REQUIRED ACTION
Only the lines below from the one that contains "latitude: -44.2928" through the one that contains "longitude: -41.4426" should appear in your answer, exact and without pictures.

DATASET
-- Opening Marker --

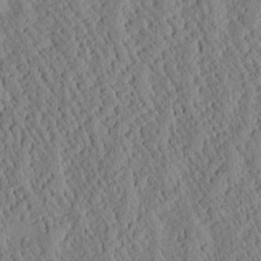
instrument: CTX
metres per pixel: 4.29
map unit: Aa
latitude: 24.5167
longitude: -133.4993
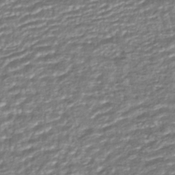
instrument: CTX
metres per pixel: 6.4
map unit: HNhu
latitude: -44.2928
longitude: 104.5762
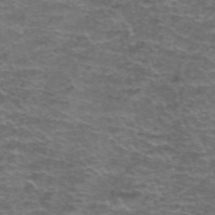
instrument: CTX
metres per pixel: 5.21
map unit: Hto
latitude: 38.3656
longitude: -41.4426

-- Closing Marker --
-- Opening Marker --

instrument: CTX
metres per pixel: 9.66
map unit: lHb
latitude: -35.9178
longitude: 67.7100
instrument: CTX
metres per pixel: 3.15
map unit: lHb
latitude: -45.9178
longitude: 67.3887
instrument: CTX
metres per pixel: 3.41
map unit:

-- Closing Marker --
-- Opening Marker --

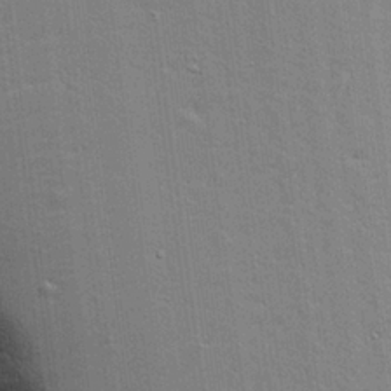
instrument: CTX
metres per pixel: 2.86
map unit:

-- Closing Marker --

ANSWER TO THE PROBLEM
latitude: -44.2928
longitude: 104.5762
instrument: CTX
metres per pixel: 5.21
map unit: Hto
latitude: 38.3656
longitude: -41.4426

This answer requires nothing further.